He resides in Portland, Oregon, USA.

Invited Speakers

Choose a pseudonym. Legal perspective on pseudonymisation of speech data by Pawel Kamocki (Leibniz-Institut für Deutsche Sprache, Mannheim, Germany)


Abstract: Often overlooked, pseudonymisation can be an interesting alternative to anonymisation, especially in the context of speech data. Recognised as a safeguard for the rights and freedoms of data subjects, pseudonymisation can make GDPR compliance considerably easier to achieve. This talk will discuss the advantages of pseudonymisation, its special role for speech data (e.g. according to the European Data Protection Board's guidelines on voice assistants), and its seemingly bright future under the EU Data Governance Act.

Bio: Dr. iur. Paweł Kamocki is a legal expert in Leibniz-Institut für Deutsche Sprache, Mannheim. He studied linguistics and law, and in 2017 obtained his doctorate in law from the universities of Paris and Münster for a thesis on legal aspects of data-intensive university research, with a focus on Knowledge Commons. He worked as a research and teaching assistant at the Paris Descartes university (now: Université de Paris), then also in the private sector. He is certified to work as an attorney in France. An active member of the CLARIN community since 2012, he currently chairs the CLARIN Legal and Ethical Issues Committee. He also worked with other projects and initiatives in the field of research data policy (RDA, EUDAT) and co-created several LegalTech tools for researchers. One of his main research interests are legal issues in Machine Translation.

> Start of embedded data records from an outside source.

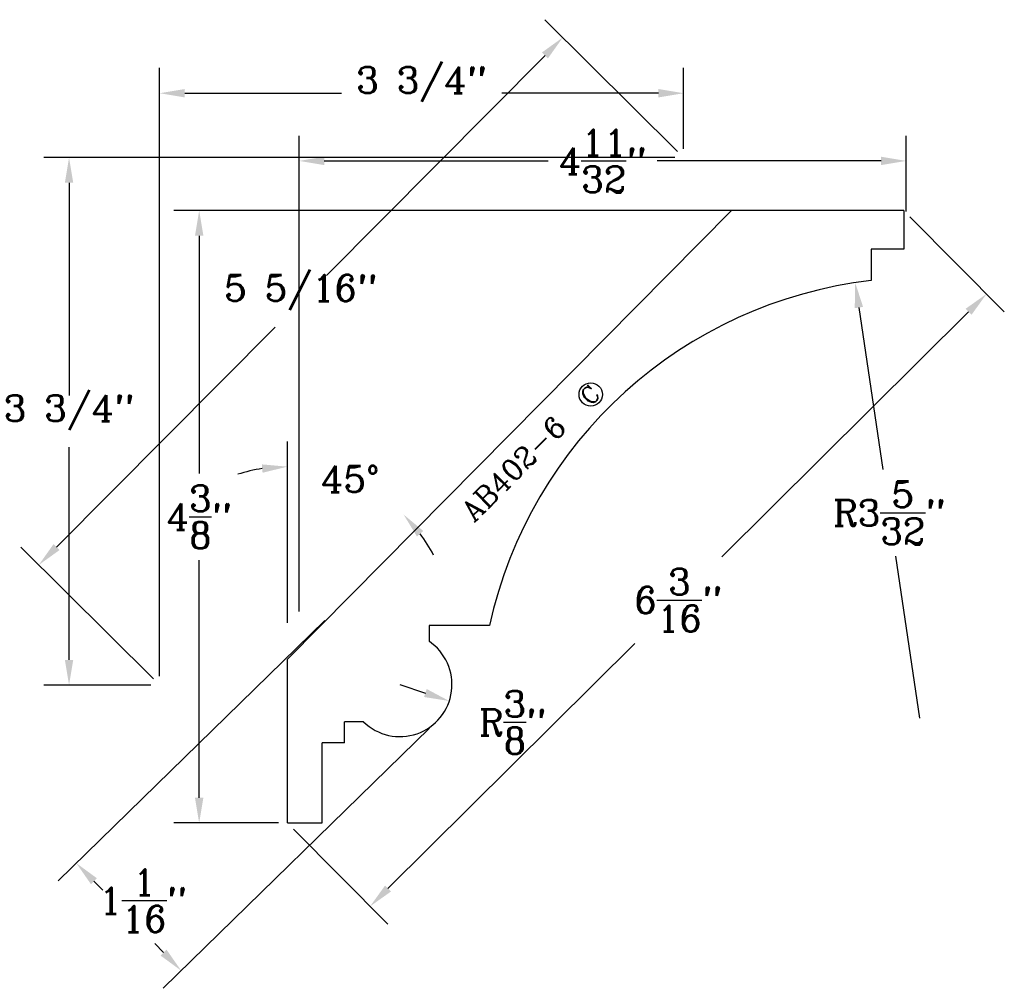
# Model space of a CAD drawing. Extents: x -1 to 6.03, y -0.45 to 6.46.
import ezdxf
from ezdxf.enums import TextEntityAlignment as Align

# ---------------------------------------------------------------- set-up
doc = ezdxf.new("R2010")
doc.units = 0
doc.header["$MEASUREMENT"] = 0
doc.layers.get('0').update_dxf_attribs({"linetype": 'CONTINUOUS'})
doc.layers.get('DEFPOINTS').update_dxf_attribs({"linetype": 'CONTINUOUS'})
for name, color, linetype in [('DIMEN', 1, 'CONTINUOUS'), ('MITRE', 2, 'CONTINUOUS'), ('PROF', 7, 'CONTINUOUS'), ('TEXT', 3, 'CONTINUOUS')]:
    doc.layers.add(name, color=color, linetype=linetype)
doc.styles.add('ROMANC', font='ROMANC', dxfattribs={"height": 0.1875})
doc.dimstyles.get("Standard").update_dxf_attribs({"dimtxt": 0.18, "dimasz": 0.18, "dimexe": 0.18, "dimexo": 0.0625, "dimgap": 0.09, "dimtad": 0, "dimtih": 1, "dimtoh": 1, "dimdec": 4, "dimzin": 0, "dimtxsty": 'STANDARD', "dimcen": 0.09, "dimazin": 3, "dimtfac": 1, "dimtdec": 4, "dimtofl": 0, "dimtmove": 0, "dimatfit": 3, "dimtolj": 1, "dimtzin": 0})

# ---------------------------------------------------------------- blocks, each defined once
blk = doc.blocks.new('*D12')
at = {"color": 0, "linetype": 'BYBLOCK'}
for p, q in [((5.2506, 5.0966), (0.103, 5.0966)), ((0.283, 4.9166), (0.283, 3.2202)), ((0.283, 0.9062), (0.283, 2.6027)), ((0.85, 0.7262), (0.103, 0.7262))]:
    blk.add_line(p, q, dxfattribs=at)
for points in [[(0.253, 4.9166), (0.313, 4.9166), (0.283, 5.0966)], [(0.253, 0.9062), (0.313, 0.9062), (0.283, 0.7262)]]:
    blk.add_solid(points, dxfattribs=at)
at = {"layer": 'DEFPOINTS', "color": 0, "linetype": 'BYBLOCK'}
for p in [(5.3131, 5.0966), (0.283, 0.7262), (0.9125, 0.7262)]:
    blk.add_point(p, dxfattribs=at)
at = {"color": 0, "linetype": 'BYBLOCK', "insert": (0.283, 2.9114), "char_height": 0.1875, "attachment_point": 5, "style": 'ROMANC'}
blk.add_mtext('\\A1;4{\\H1.000000x;\\S3/8;}"', dxfattribs=at)
blk = doc.blocks.new('*D13')
at = {"color": 0, "linetype": 'BYBLOCK'}
for p, q in [((0.996, 2.2353), (0.996, 5.6312)), ((5.3307, 5.0909), (5.3307, 5.6312)), ((1.176, 5.4512), (2.7742, 5.4512)), ((5.1507, 5.4512), (3.5525, 5.4512))]:
    blk.add_line(p, q, dxfattribs=at)
for points in [[(1.176, 5.4812), (1.176, 5.4212), (0.996, 5.4512)], [(5.1507, 5.4812), (5.1507, 5.4212), (5.3307, 5.4512)]]:
    blk.add_solid(points, dxfattribs=at)
at = {"layer": 'DEFPOINTS', "color": 0, "linetype": 'BYBLOCK'}
for p in [(5.3307, 5.4512), (5.3307, 5.0284), (0.996, 2.1728)]:
    blk.add_point(p, dxfattribs=at)
at = {"color": 0, "linetype": 'BYBLOCK', "insert": (3.1633, 5.4512), "char_height": 0.1875, "attachment_point": 5, "style": 'ROMANC'}
blk.add_mtext('\\A1;4{\\H1.000000x;\\S11/32;}"', dxfattribs=at)
blk = doc.blocks.new('*D11')
at = {"color": 0, "linetype": 'BYBLOCK'}
for p, q in [((5.3571, 5.0523), (6.0306, 4.3742)), ((5.776, 4.3751), (4.0144, 2.6254)), ((1.6309, 0.2583), (3.3926, 2.0079)), ((0.9566, 0.6819), (1.6301, 0.0038))]:
    blk.add_line(p, q, dxfattribs=at)
for points in [[(5.7549, 4.3963), (5.7972, 4.3538), (5.9038, 4.5019)], [(1.6098, 0.2796), (1.6521, 0.237), (1.5032, 0.1315)]]:
    blk.add_solid(points, dxfattribs=at)
at = {"layer": 'DEFPOINTS', "color": 0, "linetype": 'BYBLOCK'}
for p in [(5.3131, 5.0966), (0.9125, 0.7262), (1.5032, 0.1315)]:
    blk.add_point(p, dxfattribs=at)
at = {"color": 0, "linetype": 'BYBLOCK', "insert": (3.7035, 2.3167), "char_height": 0.1875, "attachment_point": 5, "style": 'ROMANC'}
blk.add_mtext('\\A1;6{\\H1.000000x;\\S3/16;}"', dxfattribs=at)
blk = doc.blocks.new('*D10')
at = {"color": 0, "linetype": 'BYBLOCK'}
blk.add_line((1.7156, 1.7148), (1.8976, 1.6539), dxfattribs=at)
blk.add_solid([(1.9071, 1.6823), (1.888, 1.6254), (2.0682, 1.5967)], dxfattribs=at)
at = {"layer": 'DEFPOINTS', "color": 0, "linetype": 'BYBLOCK'}
for p in [(1.7156, 1.7148), (2.0682, 1.5967)]:
    blk.add_point(p, dxfattribs=at)
at = {"color": 0, "linetype": 'BYBLOCK', "insert": (2.5203, 1.4452), "char_height": 0.1875, "attachment_point": 5, "style": 'ROMANC'}
blk.add_mtext('\\A1;R{\\H1.000000x;\\S3/8;}"', dxfattribs=at)
blk = doc.blocks.new('*D7')
at = {"color": 0, "linetype": 'BYBLOCK'}
for p, q in [((4.9926, 4.4048), (5.164, 3.2487)), ((5.4269, 1.475), (5.2555, 2.6312))]:
    blk.add_line(p, q, dxfattribs=at)
blk.add_solid([(5.0223, 4.4092), (4.9629, 4.4004), (4.9662, 4.5829)], dxfattribs=at)
at = {"layer": 'DEFPOINTS', "color": 0, "linetype": 'BYBLOCK'}
for p in [(4.9662, 4.5829), (5.4269, 1.475)]:
    blk.add_point(p, dxfattribs=at)
at = {"color": 0, "linetype": 'BYBLOCK', "insert": (5.2097, 2.9399), "char_height": 0.1875, "attachment_point": 5, "style": 'ROMANC'}
blk.add_mtext('\\A1;R3{\\H1.000000x;\\S5/32;}"', dxfattribs=at)
blk = doc.blocks.new('*D9')
at = {"color": 0, "linetype": 'BYBLOCK'}
for p, q in [((1.1797, 2.1702), (-0.723, 0.3139)), ((1.9283, 1.4028), (0.0256, -0.4535)), ((-0.4685, 0.3107), (-0.4056, 0.2463)), ((0.0288, -0.1989), (-0.0341, -0.1345))]:
    blk.add_line(p, q, dxfattribs=at)
for points in [[(-0.447, 0.3317), (-0.4899, 0.2898), (-0.5942, 0.4396)], [(0.0502, -0.178), (0.0073, -0.2199), (0.1545, -0.3278)]]:
    blk.add_solid(points, dxfattribs=at)
at = {"layer": 'DEFPOINTS', "color": 0, "linetype": 'BYBLOCK'}
for p in [(1.2245, 2.2138), (1.9731, 1.4465), (-0.5942, 0.4396)]:
    blk.add_point(p, dxfattribs=at)
at = {"color": 0, "linetype": 'BYBLOCK', "insert": (-0.1176, 0.1727), "char_height": 0.1875, "attachment_point": 5, "style": 'ROMANC'}
blk.add_mtext('\\A1;1{\\H1.000000x;\\S1/16;}"', dxfattribs=at)
blk = doc.blocks.new('*D8')
at = {"color": 0, "linetype": 'BYBLOCK'}
blk.add_line((0.9125, 2.154), (0.9125, 3.4492), dxfattribs=at)
for start, end in [(98.76518, 107.53035), (27.6517, 36.41688)]:
    blk.add_arc((0.9125, 2.0915), 1.1778, start, end, dxfattribs=at)
for points in [[(0.7308, 3.2854), (0.7354, 3.2256), (0.9125, 3.2692)], [(1.8376, 2.7711), (1.883, 2.8103), (1.7427, 2.9269)]]:
    blk.add_solid(points, dxfattribs=at)
at = {"layer": 'DEFPOINTS', "color": 0, "linetype": 'BYBLOCK'}
for p in [(3.883, 5.0808), (1.4993, 3.1127), (0.9125, 2.0915), (0.9125, 2.0915), (0.9125, 0.7262)]:
    blk.add_point(p, dxfattribs=at)
at = {"color": 0, "linetype": 'BYBLOCK', "insert": (1.3615, 3.1803), "char_height": 0.1875, "attachment_point": 5, "style": 'ROMANC'}
blk.add_mtext('\\A1;45°', dxfattribs=at)
blk = doc.blocks.new('CIRCLEC')
at = {"layer": 'TEXT', "linetype": 'CONTINUOUS'}
blk.add_circle((0.128, 0.005), 0.129, dxfattribs=at)
at = {"layer": 'TEXT', "linetype": 'CONTINUOUS', "style": 'ROMANC'}
blk.add_text('C', height=0.188, dxfattribs=at).set_placement((0.117, -0.088), align=Align.CENTER)
blk = doc.blocks.new('CC')
at = {"layer": 'TEXT', "linetype": 'CONTINUOUS', "xscale": 0.81, "yscale": 0.81, "zscale": 0.81}
blk.add_blockref('CIRCLEC', (0, -0.0078), dxfattribs=at)
blk = doc.blocks.new('*D4')
at = {"color": 0, "linetype": 'BYBLOCK'}
for p, q in [((3.6785, 5.4752), (-0.826, 5.4752)), ((-0.646, 5.2952), (-0.646, 3.7765)), ((-0.646, 1.8904), (-0.646, 3.409)), ((-0.0625, 1.7104), (-0.826, 1.7104))]:
    blk.add_line(p, q, dxfattribs=at)
for points in [[(-0.676, 5.2952), (-0.616, 5.2952), (-0.646, 5.4752)], [(-0.676, 1.8904), (-0.616, 1.8904), (-0.646, 1.7104)]]:
    blk.add_solid(points, dxfattribs=at)
at = {"layer": 'DEFPOINTS', "color": 0, "linetype": 'BYBLOCK'}
for p in [(3.741, 5.4752), (-0.646, 1.7104), (0, 1.7104)]:
    blk.add_point(p, dxfattribs=at)
at = {"color": 0, "linetype": 'BYBLOCK', "style": 'ROMANC'}
blk.add_text('3 3/4"', height=0.1875, dxfattribs=at).set_placement((-0.646, 3.5928), align=Align.CENTER)
blk = doc.blocks.new('*D5')
at = {"color": 0, "linetype": 'BYBLOCK'}
for p, q in [((0, 1.7729), (0, 6.1143)), ((3.741, 5.5377), (3.741, 6.1143)), ((0.18, 5.9343), (1.2983, 5.9343)), ((3.561, 5.9343), (2.4426, 5.9343))]:
    blk.add_line(p, q, dxfattribs=at)
for points in [[(0.18, 5.9643), (0.18, 5.9043), (0, 5.9343)], [(3.561, 5.9643), (3.561, 5.9043), (3.741, 5.9343)]]:
    blk.add_solid(points, dxfattribs=at)
at = {"layer": 'DEFPOINTS', "color": 0, "linetype": 'BYBLOCK'}
for p in [(3.741, 5.9343), (3.741, 5.4752), (0, 1.7104)]:
    blk.add_point(p, dxfattribs=at)
at = {"color": 0, "linetype": 'BYBLOCK', "style": 'ROMANC'}
blk.add_text('3 3/4"', height=0.1875, dxfattribs=at).set_placement((1.8705, 5.9343), align=Align.CENTER)
blk = doc.blocks.new('*D6')
at = {"color": 0, "linetype": 'BYBLOCK'}
for p, q in [((3.6966, 5.5193), (2.7509, 6.459)), ((2.7517, 6.2044), (1.1907, 4.6334)), ((-0.7355, 2.695), (0.8255, 4.2659)), ((-0.0443, 1.7544), (-0.99, 2.6942))]:
    blk.add_line(p, q, dxfattribs=at)
for points in [[(2.7305, 6.2256), (2.773, 6.1833), (2.8786, 6.3321)], [(-0.7568, 2.7161), (-0.7142, 2.6738), (-0.8624, 2.5673)]]:
    blk.add_solid(points, dxfattribs=at)
at = {"layer": 'DEFPOINTS', "color": 0, "linetype": 'BYBLOCK'}
for p in [(3.741, 5.4752), (-0.8624, 2.5673), (0, 1.7104)]:
    blk.add_point(p, dxfattribs=at)
at = {"color": 0, "linetype": 'BYBLOCK', "style": 'ROMANC'}
blk.add_text('5 5/16"', height=0.1875, dxfattribs=at).set_placement((1.0081, 4.4497), align=Align.CENTER)

msp = doc.modelspace()

# ---------------------------------------------------------------- linework, layer by layer
at = {"layer": 'PROF', "linetype": 'CONTINUOUS'}
for p, q in [((0.912549, 1.894304), (4.083358, 5.096644)), ((5.313092, 5.096644), (5.313092, 4.82119)), ((5.313092, 4.82119), (5.079917, 4.82119)), ((5.079917, 4.82119), (5.079917, 4.597624)), ((2.355275, 2.13551), (1.923722, 2.13551)), ((1.923722, 2.13551), (1.923722, 2.023009)), ((0.912549, 0.726209), (0.912549, 1.894304)), ((1.456411, 1.448156), (1.320451, 1.448156)), ((1.320451, 1.298896), (1.161648, 1.298898))]:
    msp.add_line(p, q, dxfattribs=at)
at = {"layer": 'PROF'}
for p, q in [((5.313092, 5.096644), (4.083358, 5.096644)), ((1.320451, 1.298896), (1.320451, 1.448156)), ((1.161648, 0.726209), (1.161648, 1.298898)), ((0.912549, 0.726209), (1.161648, 0.726209))]:
    msp.add_line(p, q, dxfattribs=at)
for centre, radius, start, end in [((5.445145, 1.454814), 3.16396, 96.6286475, 167.5762262), ((1.715728, 1.714721), 0.371891, 225.7896668, 55.9934569)]:
    msp.add_arc(centre, radius, start, end, dxfattribs=at)

# ---------------------------------------------------------------- block references
at = {"layer": 'DIMEN', "xscale": 0.7982241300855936, "yscale": 0.7982241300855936, "zscale": 0.7982241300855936, "rotation": 44.99432634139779}
msp.add_blockref('CC', (3.017229, 3.728056), dxfattribs=at)

# ---------------------------------------------------------------- texts
at = {"layer": 'TEXT', "style": 'ROMANC'}
msp.add_text('AB402-6', height=0.149667, rotation=44.9806724, dxfattribs=at).set_placement((2.245008, 2.867832))

# ---------------------------------------------------------------- dimensions: what is measured, and where the dimension line sits
at = {"layer": 'DIMEN'}
dim = msp.add_linear_dim(base=(5.330655, 5.451236), p1=(0.996042, 2.172823), p2=(5.330655, 5.028386), dimstyle='STANDARD', override={"dimtxt": 0.1875, "dimdec": 5, "dimtxsty": 'ROMANC', "dimtdec": 5}, dxfattribs=at)
dim.commit()
dim.dimension.update_dxf_attribs({"geometry": '*D13', "text_midpoint": (3.163348, 5.451236)})
dim = msp.add_linear_dim(base=(0.2830174, 0.7262091), p1=(5.313092, 5.0966444), p2=(0.9125488, 0.7262091), angle=90, dimstyle='STANDARD', override={"dimtxt": 0.1875, "dimdec": 5, "dimtxsty": 'ROMANC', "dimtdec": 5}, dxfattribs=at)
dim.commit()
dim.dimension.update_dxf_attribs({"geometry": '*D12', "text_midpoint": (0.2830174, 2.9114268)})
dim = msp.add_angular_dim_2l(base=(1.499269, 3.112698), line1=((0.912549, 2.09148), (3.882979, 5.080847)), line2=((0.912549, 0.726209), (0.912549, 2.09148)), dimstyle='STANDARD', override={"dimtxt": 0.1875, "dimdec": 0, "dimtxsty": 'ROMANC', "dimtdec": 0}, dxfattribs=at)
dim.commit()
dim.dimension.update_dxf_attribs({"geometry": '*D8', "text_midpoint": (1.36153, 3.180306)})
dim = msp.add_aligned_dim(p1=(5.313092, 5.096644), p2=(0.912549, 0.726209), distance=0.838217, dimstyle='STANDARD', override={"dimtxt": 0.1875, "dimdec": 5, "dimtxsty": 'ROMANC', "dimtdec": 5}, dxfattribs=at)
dim.commit()
dim.dimension.update_dxf_attribs({"geometry": '*D11', "text_midpoint": (3.703491, 2.316687)})
for center, mpoint, picture, middle in [((5.426865, 1.475043), (4.966224, 4.582887), '*D7', (5.20974, 2.939938)), ((1.715612, 1.714816), (2.068226, 1.596677), '*D10', (2.520304, 1.445213))]:
    dim = msp.add_radius_dim(center=center, mpoint=mpoint, dimstyle='STANDARD', override={"dimtxt": 0.1875, "dimdec": 5, "dimtxsty": 'ROMANC', "dimtdec": 5}, dxfattribs=at)
    dim.commit()
    dim.dimension.update_dxf_attribs({"geometry": picture, "text_midpoint": middle})
dim = msp.add_linear_dim(base=(-0.594161, 0.439558), p1=(1.973084, 1.446485), p2=(1.224451, 2.213828), angle=134.2929035, dimstyle='STANDARD', override={"dimtxt": 0.1875, "dimdec": 5, "dimtxsty": 'ROMANC', "dimtdec": 5}, dxfattribs=at)
dim.commit()
dim.dimension.update_dxf_attribs({"geometry": '*D9', "text_midpoint": (-0.117567, 0.172651), "dimtype": 161})
at = {"layer": 'MITRE'}
dim = msp.add_aligned_dim(p1=(3.740964, 5.475198), p2=(0, 1.710385), distance=-1.215702, dimstyle='Standard', dxfattribs=at)
dim.commit()
dim.dimension.update_dxf_attribs({"geometry": '*D6', "text_midpoint": (1.008124, 4.449687)})
dim = msp.add_linear_dim(base=(3.740964, 5.934309), p1=(0, 1.710385), p2=(3.740964, 5.475198), dimstyle='Standard', dxfattribs=at)
dim.commit()
dim.dimension.update_dxf_attribs({"geometry": '*D5', "text_midpoint": (1.870482, 5.934309)})
dim = msp.add_linear_dim(base=(-0.646003, 1.710385), p1=(3.740964, 5.475198), p2=(0, 1.710385), angle=90, dimstyle='Standard', dxfattribs=at)
dim.commit()
dim.dimension.update_dxf_attribs({"geometry": '*D4', "text_midpoint": (-0.646003, 3.592792)})

doc.saveas('drawing.dxf')

Detecting manipulated and synthetic audio by Zhizheng Wu (Chinese University of Hong Kong, Shenzhen, China)


Abstract: In recent years, we have witnessed the astonishing advancement of speech generation technology, thanks to the rapid development of deep learning. The state-of-the-art speech synthesis technology can clone a speaker’s voice with a few training samples and generate natural-sounding audio samples that the speaker never said. The technology can be misused to create misinformation, which spreads farther, faster, and more broadly than the truth and erodes our trust in online information. It can also be misused to attack voice biometric systems. This talk will first present a high-level overview of approaches to manipulate and synthesize audio. Then, it will highlight recent technical developments to detect manipulated and synthetic audio. This talk will also discuss some current challenges and the needs from a user point of view.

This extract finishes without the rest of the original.